-- Task objective --
Lines below that hold the word "degrees" must be copied in full.
────────────────
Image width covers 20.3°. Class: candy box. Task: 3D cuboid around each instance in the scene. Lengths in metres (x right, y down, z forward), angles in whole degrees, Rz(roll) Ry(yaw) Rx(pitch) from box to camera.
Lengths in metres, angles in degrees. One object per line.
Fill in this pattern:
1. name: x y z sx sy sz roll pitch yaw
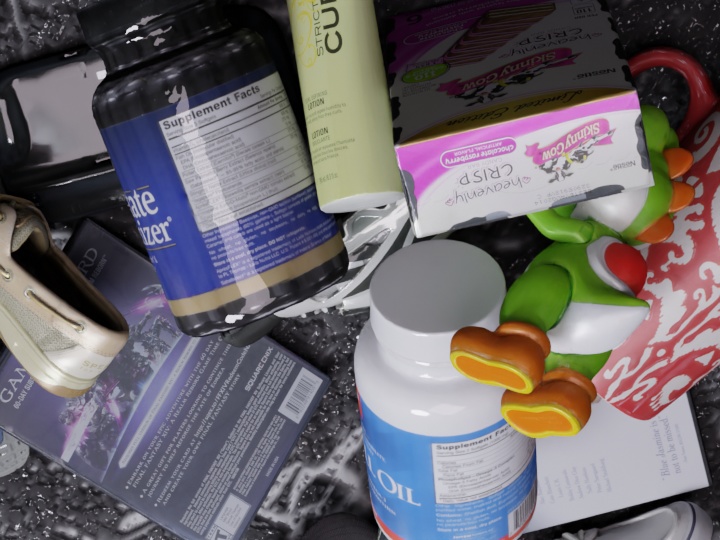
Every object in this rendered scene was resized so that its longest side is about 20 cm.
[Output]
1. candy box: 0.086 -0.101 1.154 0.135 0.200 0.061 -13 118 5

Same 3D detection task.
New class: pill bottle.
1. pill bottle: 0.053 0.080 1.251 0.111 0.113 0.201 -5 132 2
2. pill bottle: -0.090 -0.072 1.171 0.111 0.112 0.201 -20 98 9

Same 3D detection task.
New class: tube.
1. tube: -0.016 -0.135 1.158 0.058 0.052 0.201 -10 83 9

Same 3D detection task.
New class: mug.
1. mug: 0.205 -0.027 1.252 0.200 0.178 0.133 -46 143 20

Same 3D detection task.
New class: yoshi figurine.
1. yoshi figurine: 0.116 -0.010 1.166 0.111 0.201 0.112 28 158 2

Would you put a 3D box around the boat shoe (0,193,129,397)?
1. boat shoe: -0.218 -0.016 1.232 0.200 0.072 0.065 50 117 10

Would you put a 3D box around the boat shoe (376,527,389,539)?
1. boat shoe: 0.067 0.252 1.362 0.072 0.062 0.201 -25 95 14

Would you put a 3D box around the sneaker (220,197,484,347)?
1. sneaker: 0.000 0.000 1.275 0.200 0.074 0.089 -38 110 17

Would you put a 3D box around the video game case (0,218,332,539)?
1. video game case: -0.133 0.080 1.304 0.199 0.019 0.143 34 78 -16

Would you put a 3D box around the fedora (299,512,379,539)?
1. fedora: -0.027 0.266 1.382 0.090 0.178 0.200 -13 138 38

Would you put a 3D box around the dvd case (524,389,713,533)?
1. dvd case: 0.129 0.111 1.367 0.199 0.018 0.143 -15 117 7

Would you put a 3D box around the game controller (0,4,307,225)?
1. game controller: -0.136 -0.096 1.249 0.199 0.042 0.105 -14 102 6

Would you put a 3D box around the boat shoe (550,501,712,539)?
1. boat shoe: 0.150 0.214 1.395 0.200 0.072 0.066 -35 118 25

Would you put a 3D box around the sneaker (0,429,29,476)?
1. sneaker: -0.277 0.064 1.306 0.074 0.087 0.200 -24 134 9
────────────────
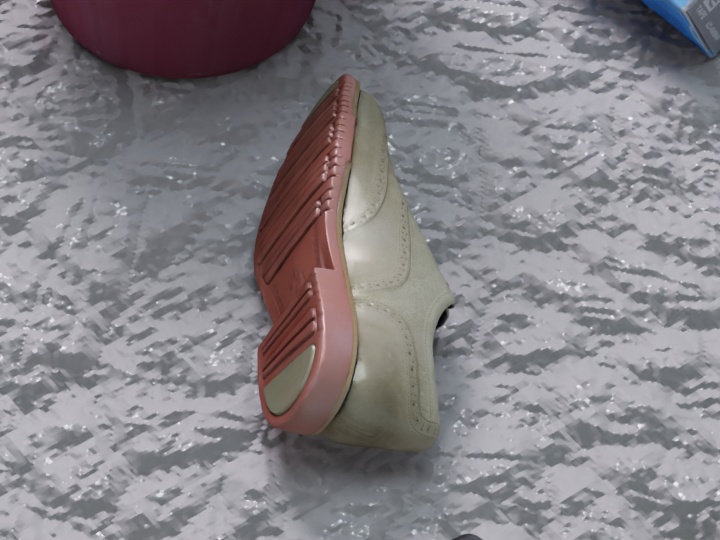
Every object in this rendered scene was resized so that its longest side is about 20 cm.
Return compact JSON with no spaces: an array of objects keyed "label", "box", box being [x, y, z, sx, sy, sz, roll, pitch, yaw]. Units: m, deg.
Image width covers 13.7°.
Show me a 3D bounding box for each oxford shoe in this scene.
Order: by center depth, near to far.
────────────────
-- Result of this task --
Image width covers 20.3°. Class: candy box. Task: 3D cuboid around each instance in the scene. Lengths in metres (x right, y down, z forward), angles in whole degrees, Rz(roll) Ry(yaw) Rx(pitch) from box to camera.
Lengths in metres, angles in degrees. One object per line.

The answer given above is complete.